■ WHAT THIS TASK INVOLVES
Quote word for word from the line holding "List of defects of walls and concrete seen above (1081" to the last line below, including both, and omit any pictures.

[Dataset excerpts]

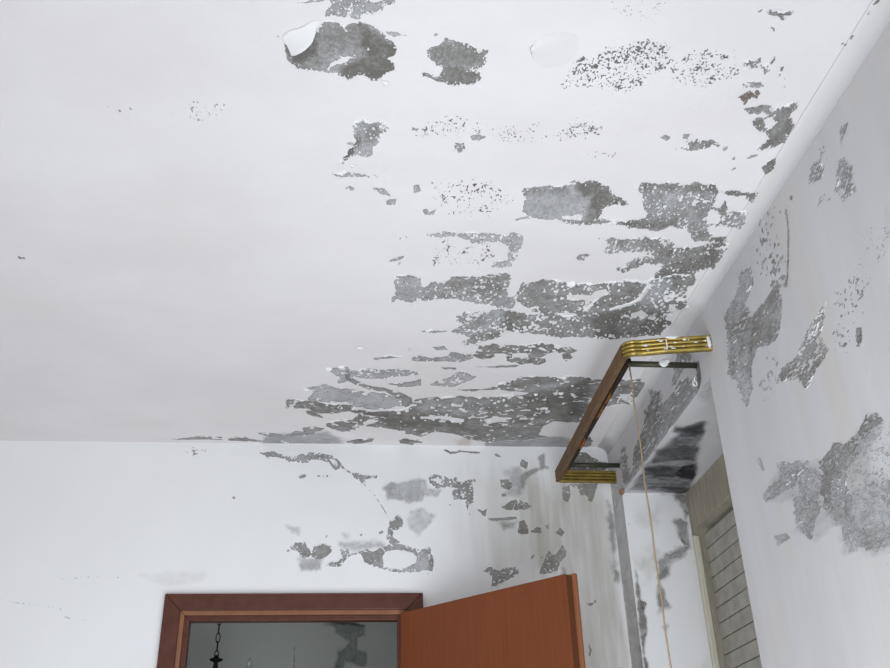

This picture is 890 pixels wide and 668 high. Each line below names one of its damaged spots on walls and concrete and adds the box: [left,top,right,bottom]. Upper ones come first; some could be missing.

peeling [282,0,400,86]
peeling [422,33,488,86]
peeling [333,115,396,205]
peeling [660,134,736,171]
peeling [738,57,799,174]
peeling [286,180,758,443]
peeling [724,206,871,407]
peeling [763,413,890,553]
peeling [287,515,435,573]
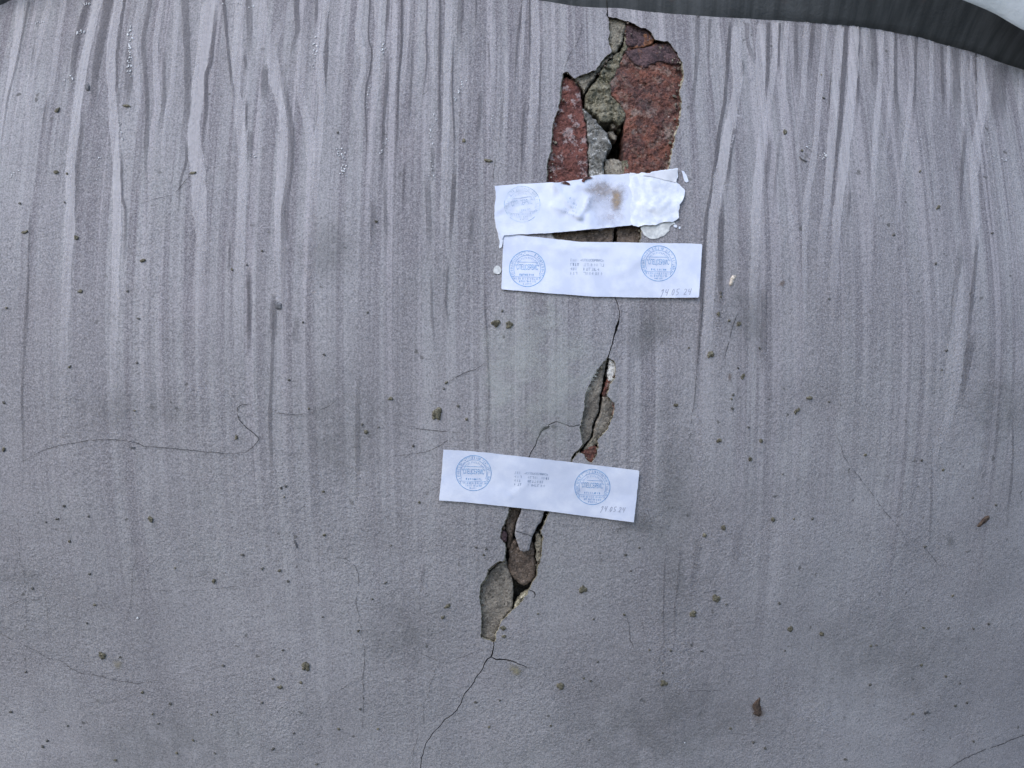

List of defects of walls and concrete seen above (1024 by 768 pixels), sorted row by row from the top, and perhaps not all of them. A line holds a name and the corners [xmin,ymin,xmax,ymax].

damp [204,0,254,109]
damp [379,0,403,154]
spalling [546,15,684,183]
damp [706,28,735,215]
damp [831,25,861,144]
spalling [551,225,642,243]
crack [607,297,620,358]
crack [25,404,259,460]
crack [529,421,580,458]
spalling [571,358,616,463]
spalling [479,507,550,642]
crack [413,641,526,768]
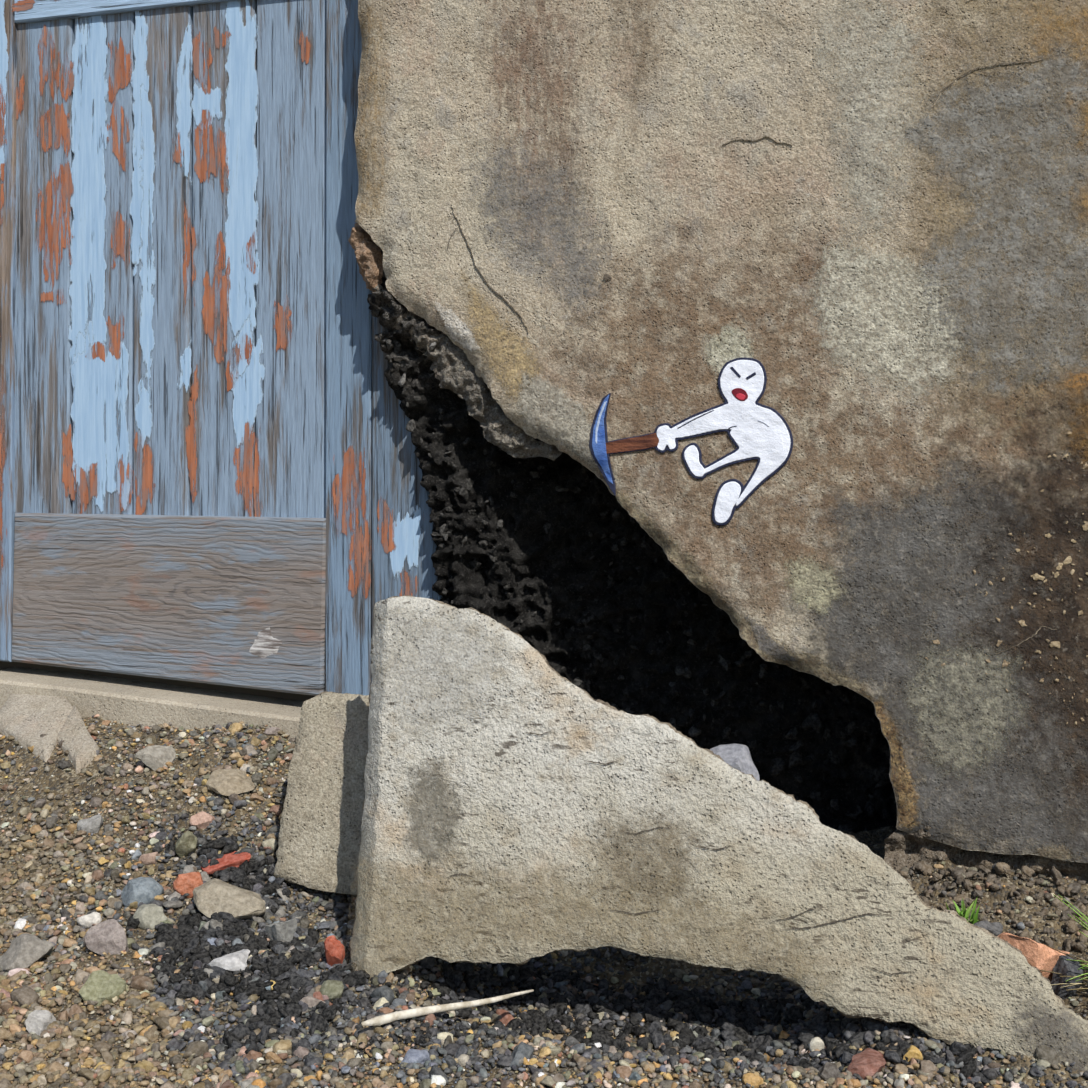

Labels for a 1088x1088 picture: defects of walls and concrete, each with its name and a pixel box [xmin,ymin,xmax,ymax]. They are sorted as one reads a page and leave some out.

peeling [0,0,36,225]
peeling [299,30,311,64]
crack [722,131,792,147]
crack [931,59,1043,108]
peeling [36,10,156,515]
peeling [172,0,292,517]
crack [448,207,529,334]
water stain [581,0,1088,862]
spalling [328,223,919,842]
flaking render [1024,521,1088,615]
flaking render [1036,639,1074,682]
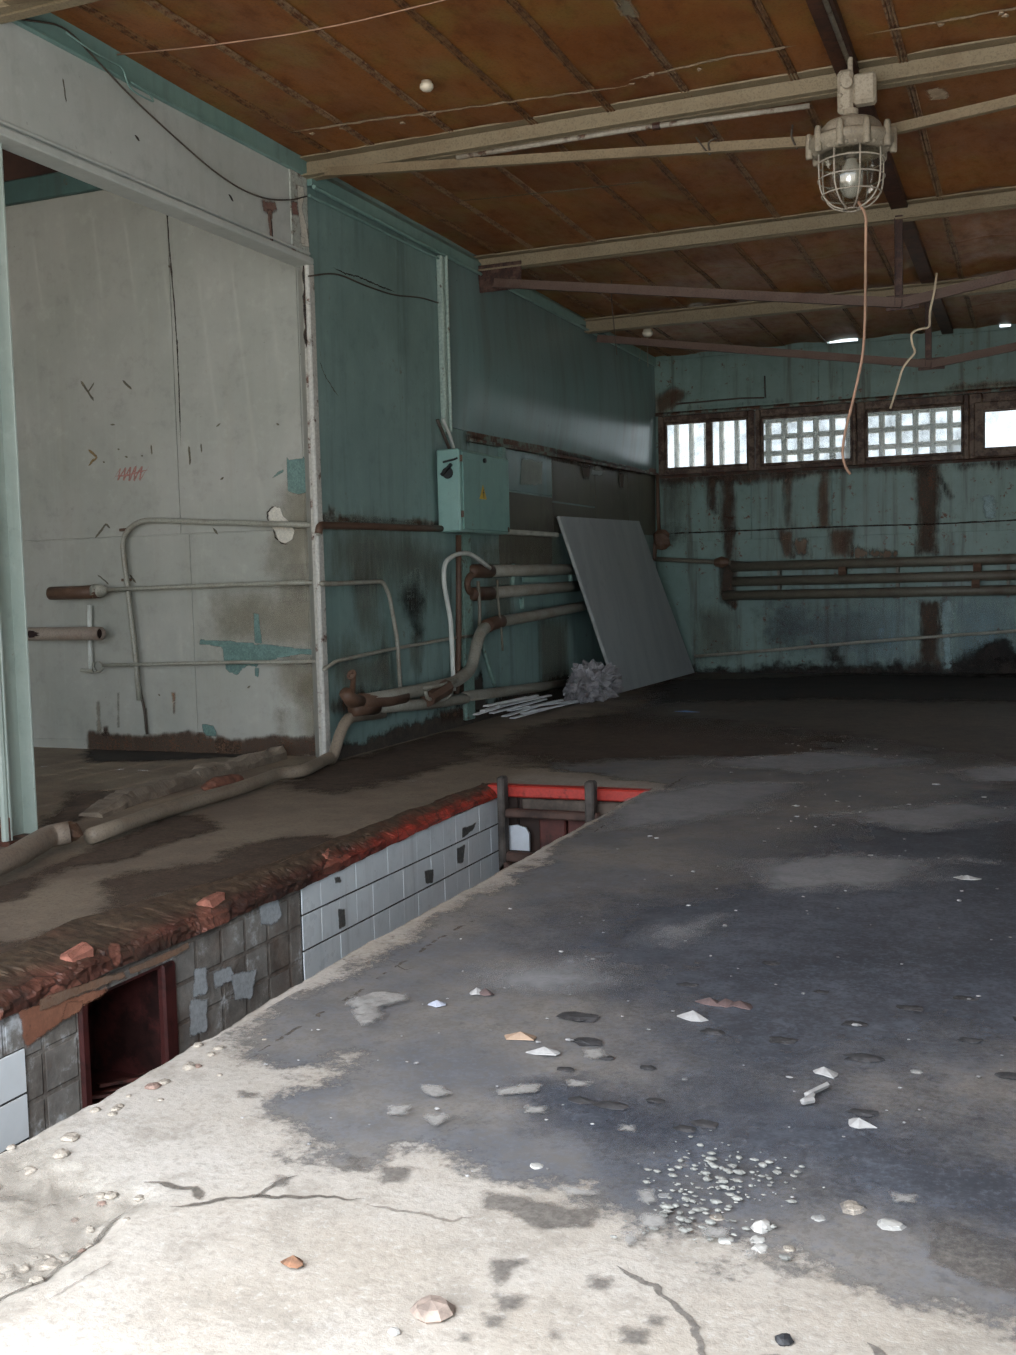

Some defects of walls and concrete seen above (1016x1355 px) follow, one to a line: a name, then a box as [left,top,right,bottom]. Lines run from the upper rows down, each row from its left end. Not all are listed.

rust [662,464,951,609]
peeling [200,613,312,677]
rust [920,601,941,666]
leakage [747,855,934,889]
spalling [0,798,499,1159]
crack [150,1176,360,1207]
leakage [381,1167,409,1181]
leakage [484,1193,598,1228]
leakage [524,1085,1016,1292]
spalling [0,1217,95,1288]
crack [0,1212,125,1301]
crack [616,1265,705,1355]
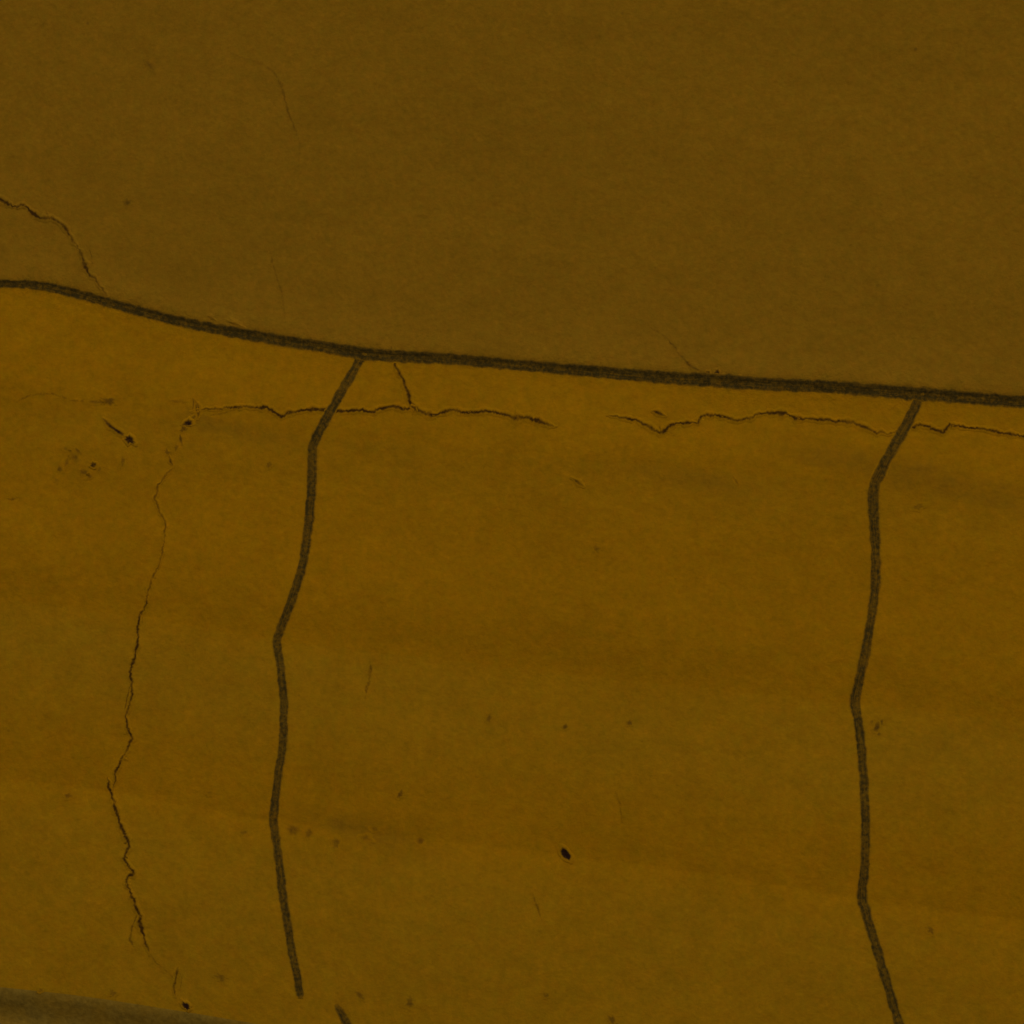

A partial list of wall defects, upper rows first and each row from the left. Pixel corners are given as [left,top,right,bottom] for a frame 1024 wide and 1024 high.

crack [0,194,109,297]
crack [189,346,558,430]
crack [606,406,1024,441]
crack [104,467,184,998]
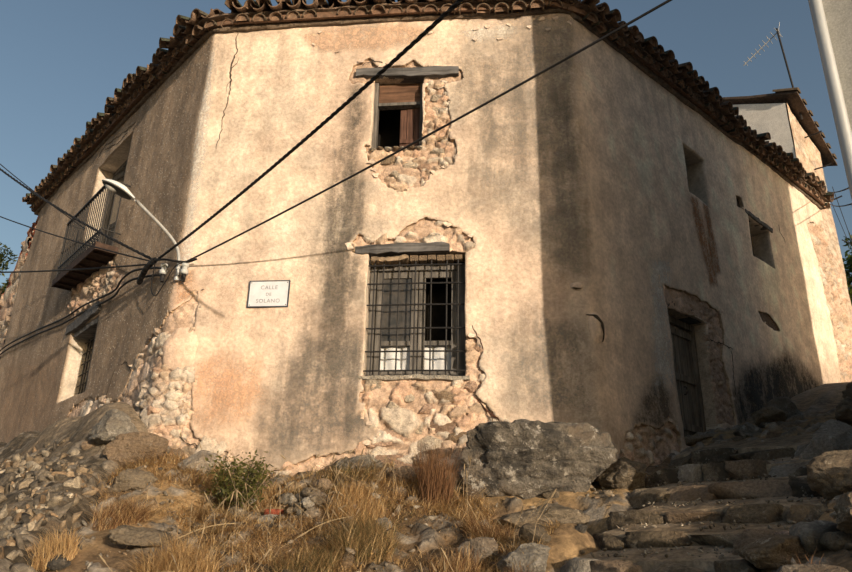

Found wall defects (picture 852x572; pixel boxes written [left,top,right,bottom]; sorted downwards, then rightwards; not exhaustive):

crack [216,32,239,147]
peeling [305,25,433,53]
spalling [349,59,465,191]
spalling [68,259,128,318]
spalling [68,289,235,469]
damp [263,146,365,451]
spalling [269,333,510,476]
spalling [345,218,475,260]
spalling [662,284,735,427]
damp [735,354,819,423]
spalling [807,220,852,383]
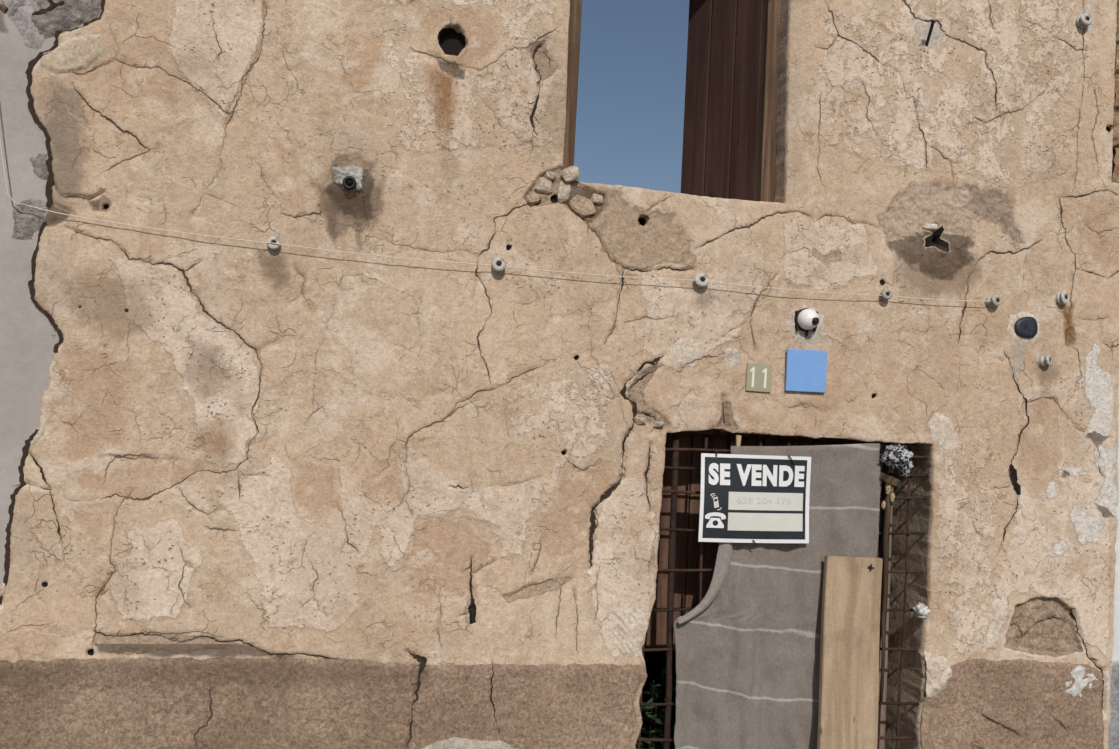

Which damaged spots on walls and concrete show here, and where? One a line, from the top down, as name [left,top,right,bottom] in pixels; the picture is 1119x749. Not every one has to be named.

spalling [1,0,107,74]
crack [25,0,267,353]
crack [0,229,343,659]
crack [391,203,539,518]
crack [411,28,559,152]
spalling [523,166,696,272]
crack [509,273,778,654]
crack [568,205,878,344]
crack [904,0,1119,554]
peeling [1053,343,1119,556]
crack [406,557,494,749]
spalling [985,597,1084,657]
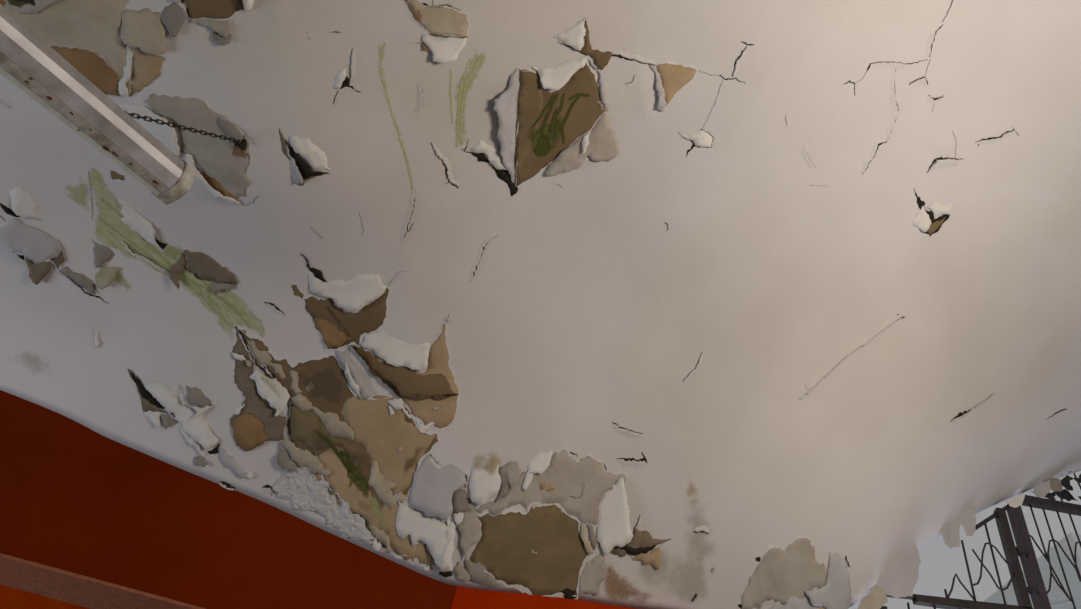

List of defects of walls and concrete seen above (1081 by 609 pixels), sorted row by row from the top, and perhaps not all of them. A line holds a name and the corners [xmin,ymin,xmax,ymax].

peeling [402,0,470,64]
peeling [51,0,259,206]
peeling [279,129,331,186]
peeling [462,18,698,196]
crack [844,0,956,175]
crack [927,129,1018,175]
peeling [0,186,122,304]
peeling [119,200,238,295]
peeling [912,189,953,236]
peeling [127,254,671,600]
crack [951,393,995,423]
peeling [738,535,921,609]
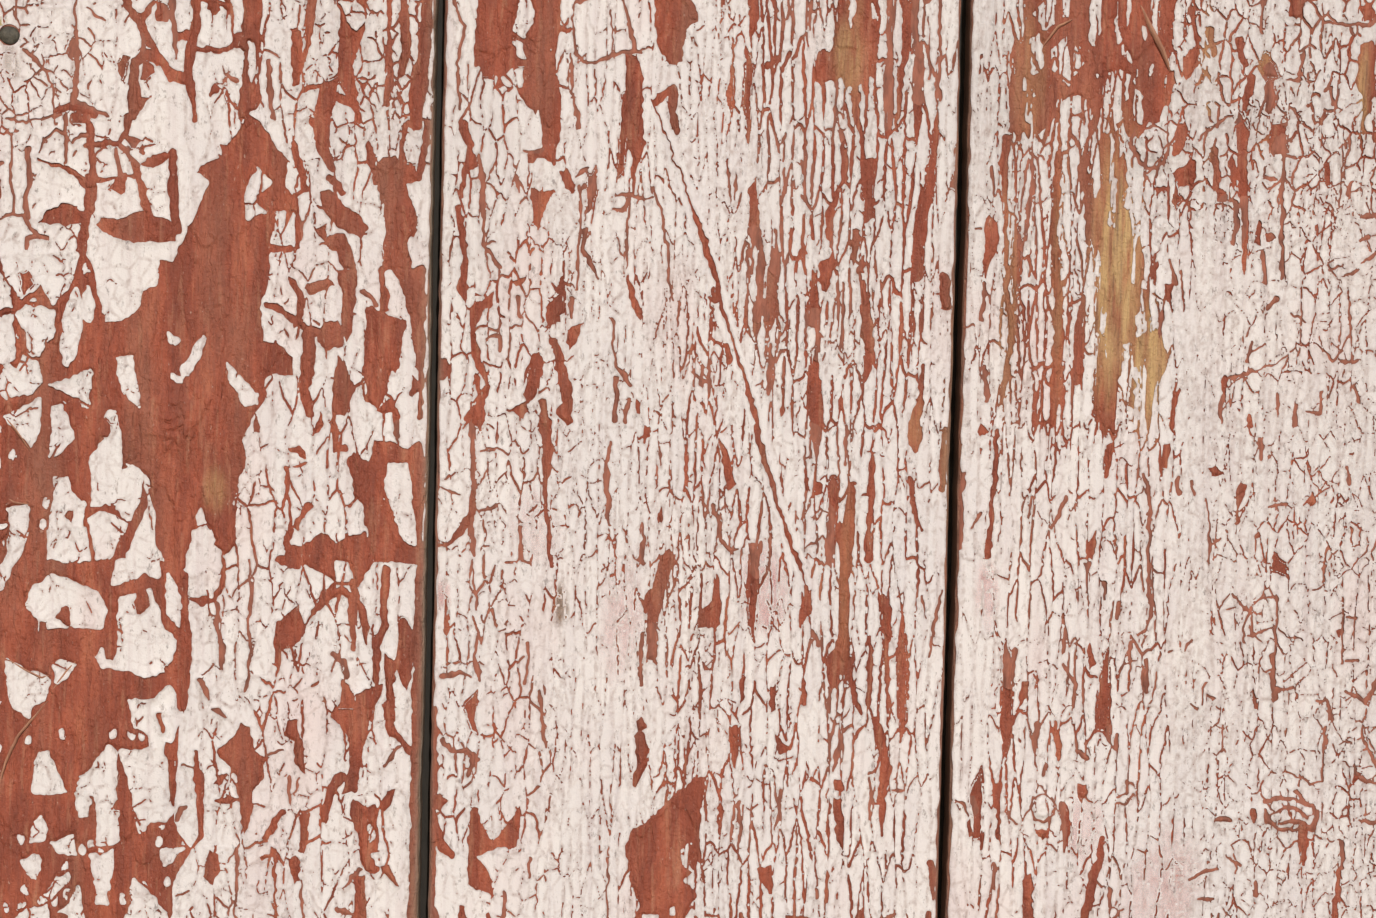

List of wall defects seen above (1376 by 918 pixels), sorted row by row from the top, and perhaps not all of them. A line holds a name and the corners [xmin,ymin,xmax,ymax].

peeling [0,0,584,918]
crack [446,0,544,360]
crack [434,419,557,756]
crack [561,0,684,573]
peeling [615,0,949,918]
crack [724,81,855,407]
crack [802,622,912,829]
crack [878,0,951,132]
peeling [930,265,953,319]
crack [968,143,1045,253]
peeling [974,0,1271,563]
crack [1125,0,1376,462]

■ TASK OUTPUT
List of defects of walls and concrete seen above (1081 by 609 pixels), sorted row by row from the top, and perhaps not all of them. A line holds a name and the corners [xmin,ymin,xmax,ymax].

peeling [402,0,470,64]
peeling [51,0,259,206]
peeling [279,129,331,186]
peeling [462,18,698,196]
crack [844,0,956,175]
crack [927,129,1018,175]
peeling [0,186,122,304]
peeling [119,200,238,295]
peeling [912,189,953,236]
peeling [127,254,671,600]
crack [951,393,995,423]
peeling [738,535,921,609]

List of wall defects seen above (1376 by 918 pixels), sorted row by row from the top, and perhaps not all of them. A line holds a name and the corners [xmin,ymin,xmax,ymax].

peeling [0,0,584,918]
crack [446,0,544,360]
crack [434,419,557,756]
crack [561,0,684,573]
peeling [615,0,949,918]
crack [724,81,855,407]
crack [802,622,912,829]
crack [878,0,951,132]
peeling [930,265,953,319]
crack [968,143,1045,253]
peeling [974,0,1271,563]
crack [1125,0,1376,462]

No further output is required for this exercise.